Violence against Black trans people is often left out of the national conversation.
If you’ve been supporting the Black Lives Matter movement, it’s important to include LGBTQ+ people in your fight and actively fight for all Black lives to matter.
White supremacy, racial capitalism, cisheteropatriarchy, homophobia, transphobia, and ableism intersect in the lives of Black queer, trans, gender nonconforming and intersex people, fueling state violence, family, domestic, interpersonal, and community violence.
Discrimination, harassment and violence against trans, queer, gender nonconforming and intersex people pervade virtually every institution and setting, including schools, workplaces, systems of policing, prisons, parole and probation, immigration, health care, and family and juvenile courts.
Black LGBTQ+ people experience high levels of poverty, criminalization, health disparities, and exclusion in the US. Black trans women and gender nonconforming people in particular experience some of the highest levels of killings, violence, poverty, policing, criminalization, and incarceration of any group in the US.
Almost 30 trans women of color were murdered in 2019. According to the Black Census, sixty-two percent of Black gay and lesbian respondents report feeling threatened or harassed several times a year.
https://youtu.be/4Jc54RvDUZU
A conversation between two of our most iconic LGBTQIA leaders, Nikki Giovanni and James Baldwin (1971)
Become Informed
Don’t be part of the problem! Take time to become informed on queer identities.
Gender is a social construct. Gender refers to socially constructed roles, expressions, behaviors, and identities. Depending on your context and location, rules may vary. In some cultures men wear skirts, makeup, and jewelry.
Sex is the classification of a person as male, female, or intersex. The sex assigned to us at birth is based solely on one’s genitals, however sex characteristics also include chromosomes, gonads, and sex hormones. Our sex assigned at birth may or may not correspond to our gender.
When someone shares their gender identity with you, it’s inappropriate to assume or try to deduce that person’s sex. Rather, believe others when they share their gender identity with you and support them.
Common Genders
Cisgender: people whose gender identity aligns with the sex they were assigned at birth.
Transgender: people whose gender identity differs from the sex they were assigned at birth. Many transgender people will transition to align their gender expression with their gender identity, however you do not have to transition in order to be transgender.
Nonbinary: people who experience their gender identity and/or gender expression as outside of the male-female gender binary.

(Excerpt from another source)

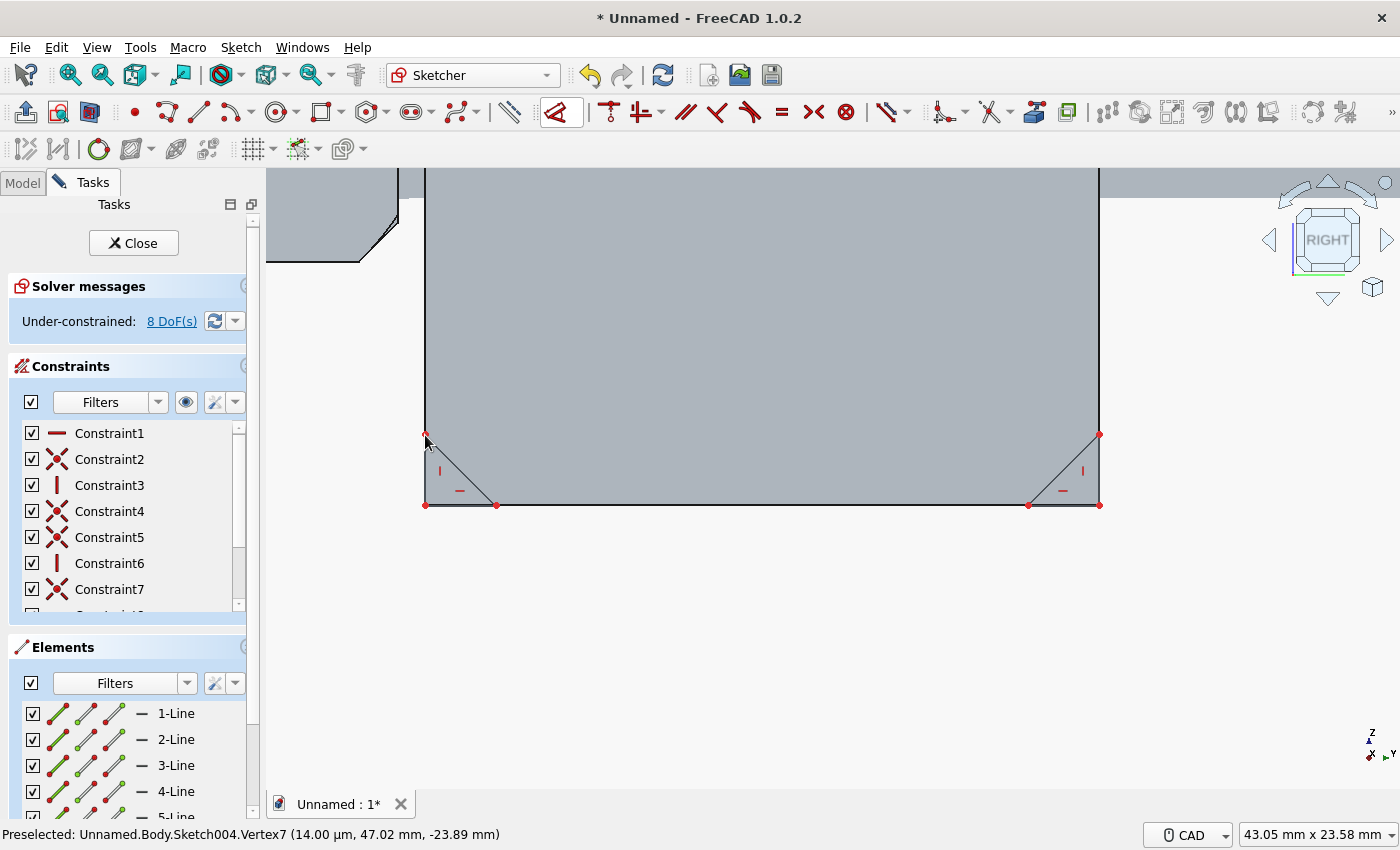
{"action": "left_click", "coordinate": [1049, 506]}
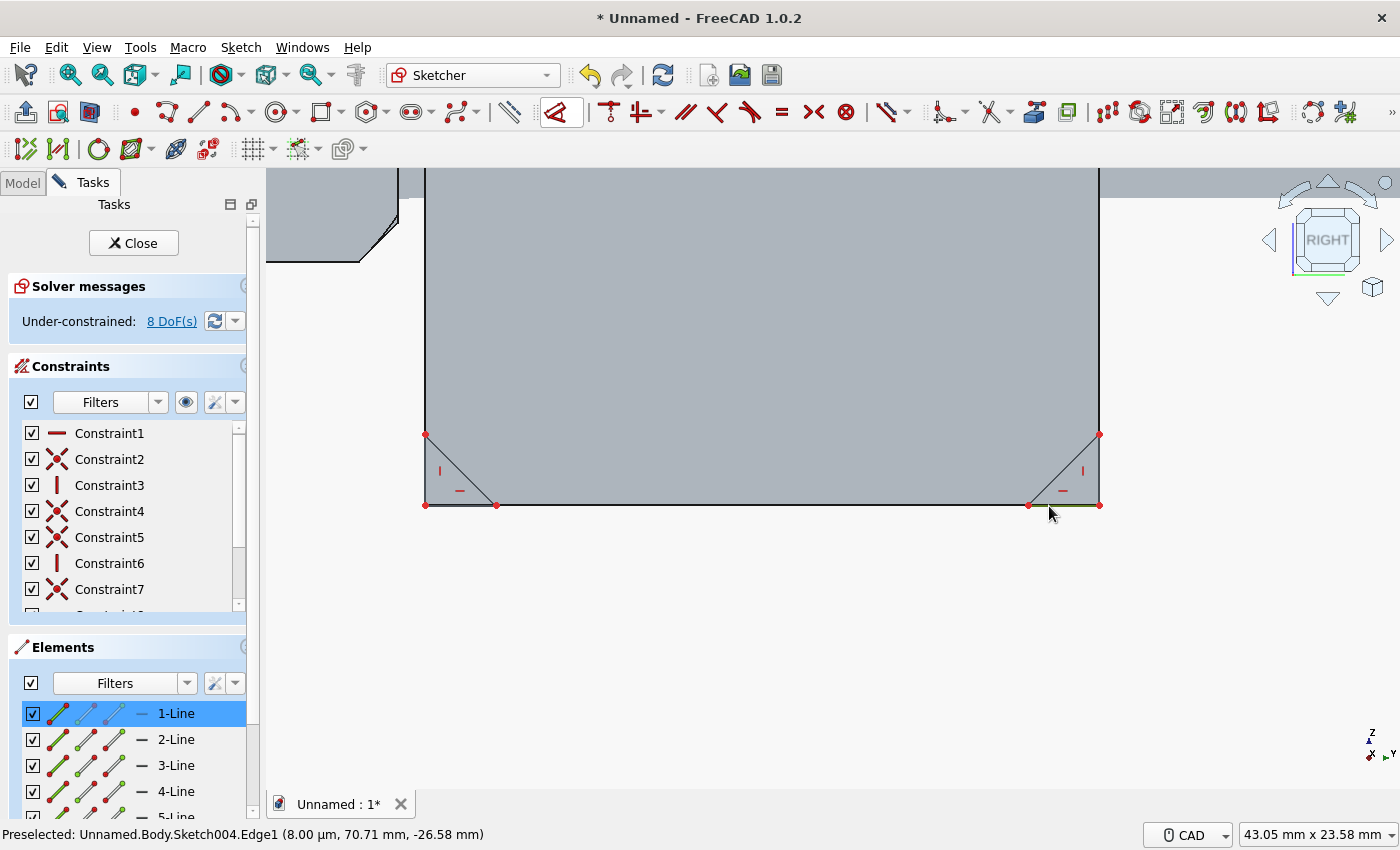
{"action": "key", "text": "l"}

Many other words for identities outside the traditional categories of man and woman may be used, such as genderfluid, genderqueer, polygender, bigender, demigender, or agender. These identities, while similar, are not necessarily interchangeable or synonymous.
To misgender someone means to use the wrong name or pronouns for a person’s gender. Whether misgendering happens as an innocent mistake or a malicious attempt to invalidate a person, it is deeply hurtful and can even put a person’s safety at risk if they are outed as transgender in an environment that is not tolerant.
Purposefully misgendering is not OK. You can be a good ally by standing up for others if you witness someone being harassed for their gender. If you misgender someone by accident, apologize swiftly without any drama. Show that you care by doing better.
By learning to support transgender and nonbinary people, you can help to create a safer, kinder, more accepting world. To learn more, visit www.thetrevorproject.org.
Support the Equality Act
The Equality Act, a landmark LGBTQ non-discrimination and civil rights bill, would specifically expand existing federal laws to protect people from discrimination based on their sexual orientation and gender identity.
If passed by the House of Representatives, the bill will protect lesbian, gay, bisexual, and transgender Americans from discrimination and strengthen protections against discrimination based on race, color, national origin, religion, and sex in businesses that serve the public.
The Equality Act is a vital next step in ensuring the promise of equal opportunity reaches all Americans.